*** AVAILABLE RECORDS Section Begins ***

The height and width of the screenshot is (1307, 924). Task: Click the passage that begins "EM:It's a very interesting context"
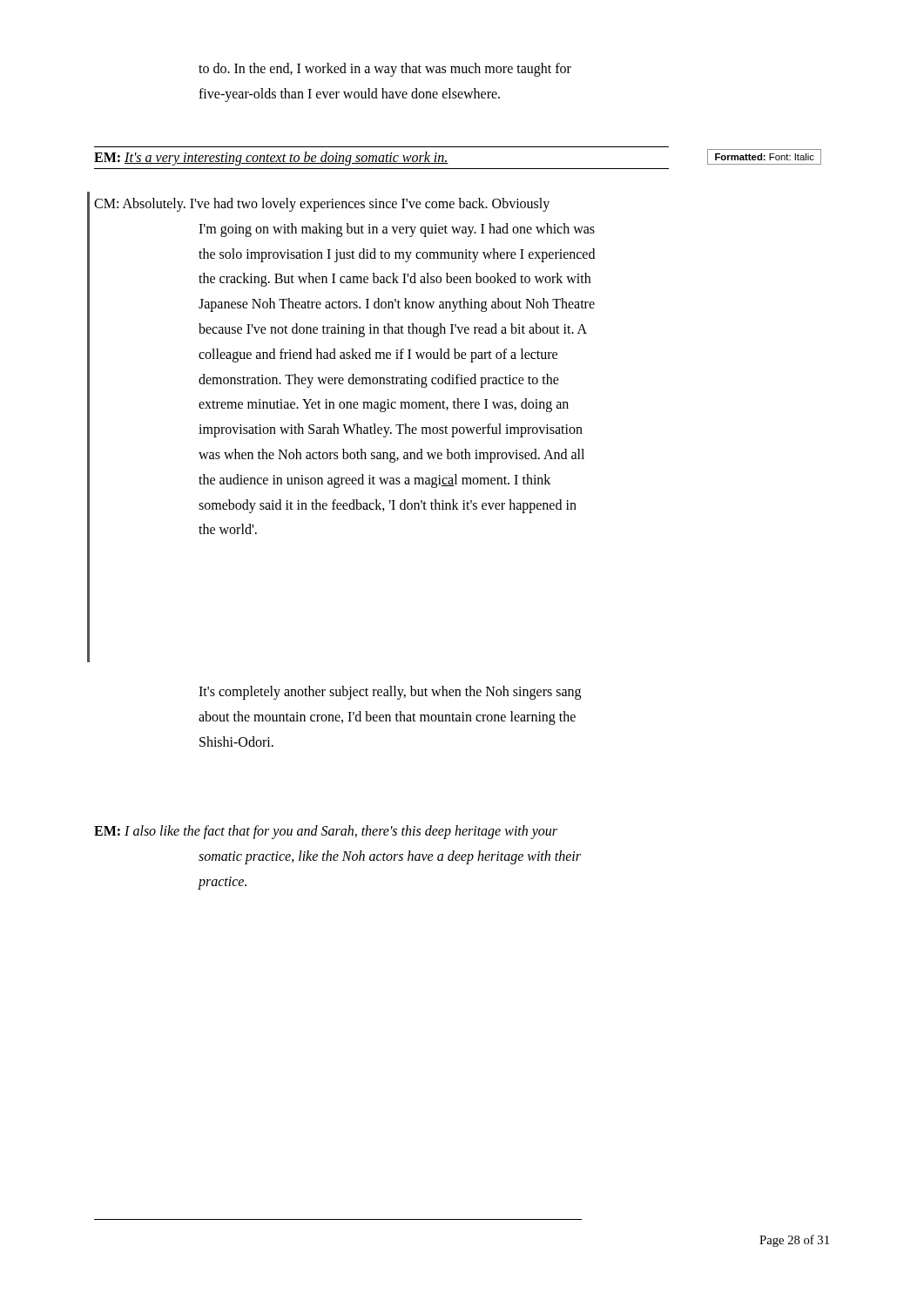pyautogui.click(x=381, y=157)
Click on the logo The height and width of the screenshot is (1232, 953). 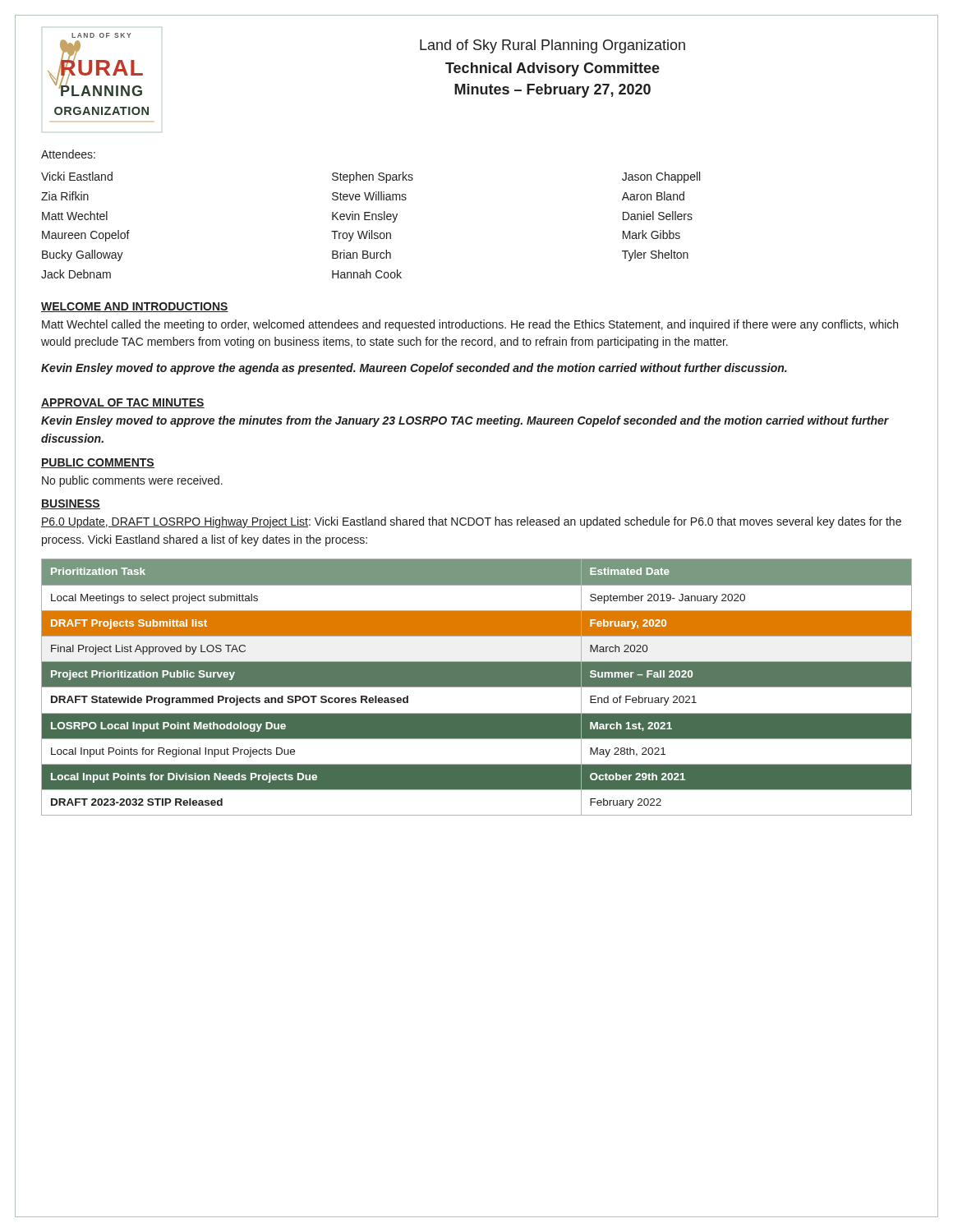tap(105, 80)
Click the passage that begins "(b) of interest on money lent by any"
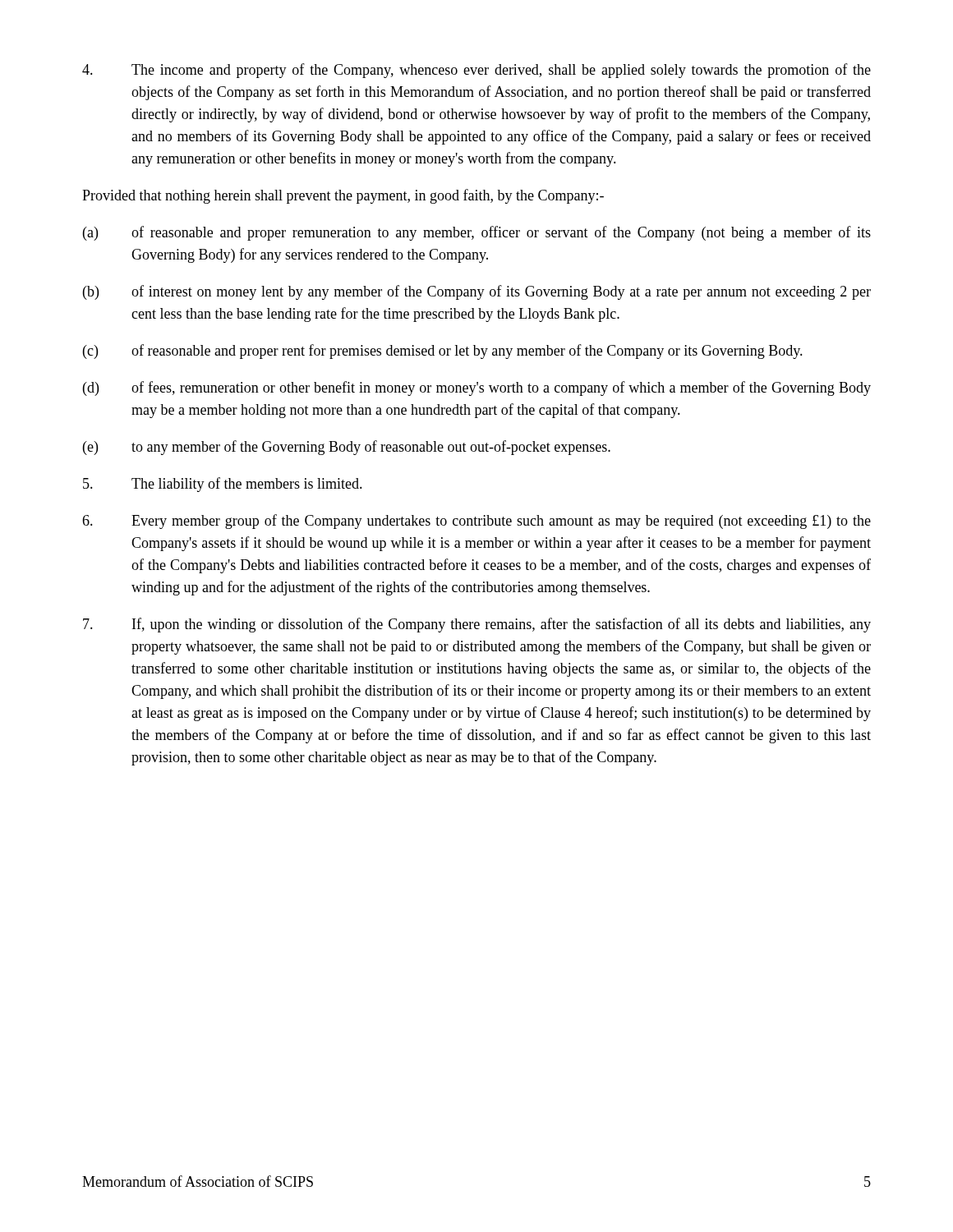The image size is (953, 1232). [476, 303]
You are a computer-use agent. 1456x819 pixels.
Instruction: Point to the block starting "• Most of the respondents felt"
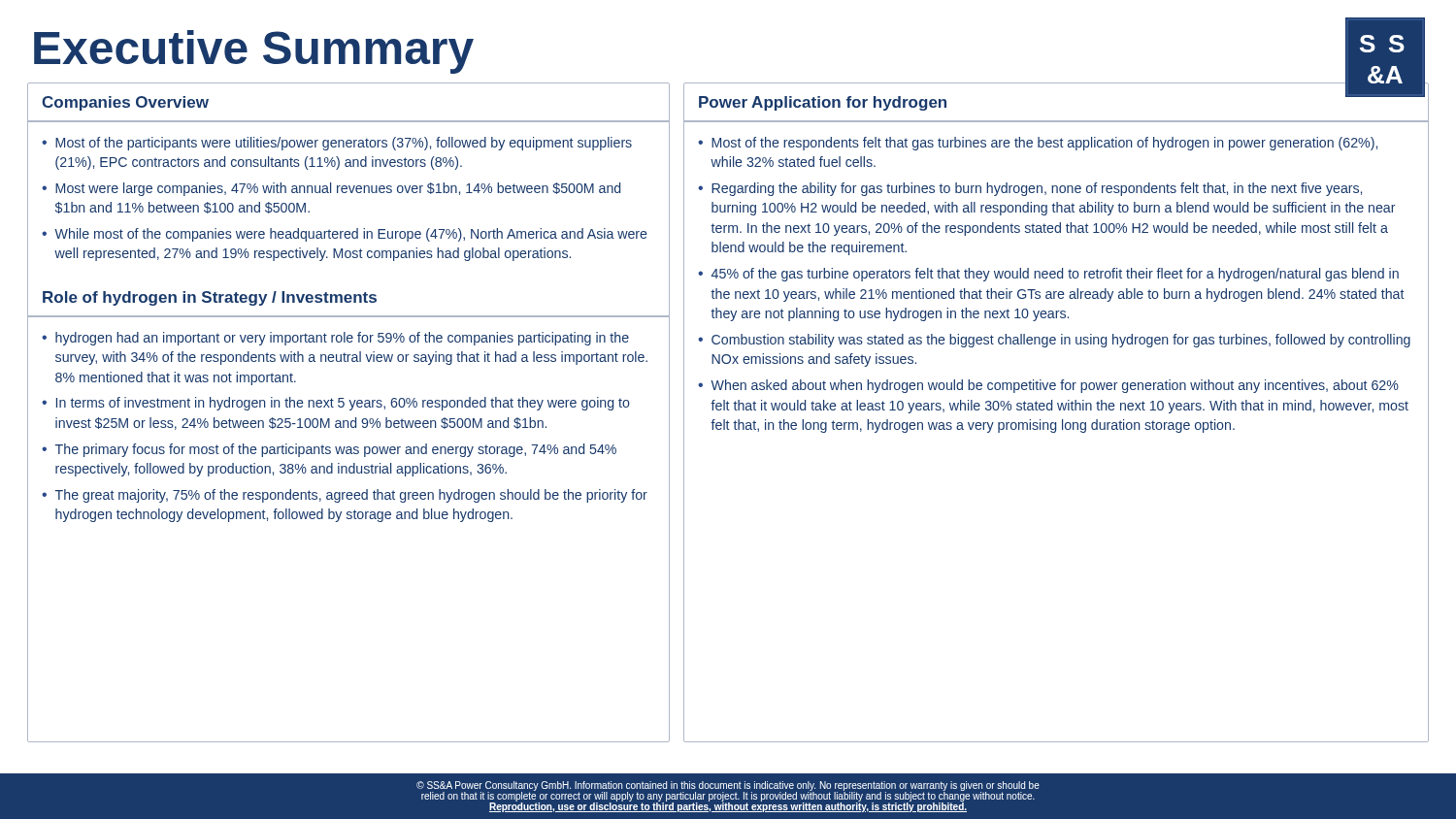pyautogui.click(x=1055, y=152)

*** AVAILABLE RECORDS Section Ends ***

» WORK INSTRUCTIONS
Your copy should hold exactly the lines from the one with "of interest on" through the final line of the records, both ends included, and no pictures.

» COMPLETED EXERCISE
Click the passage that begins "(b) of interest on money lent by any"
The image size is (953, 1232). [476, 303]
You are a computer-use agent. 1456x819 pixels.
Instruction: Point to the block starting "• Most of the respondents felt"
pyautogui.click(x=1055, y=152)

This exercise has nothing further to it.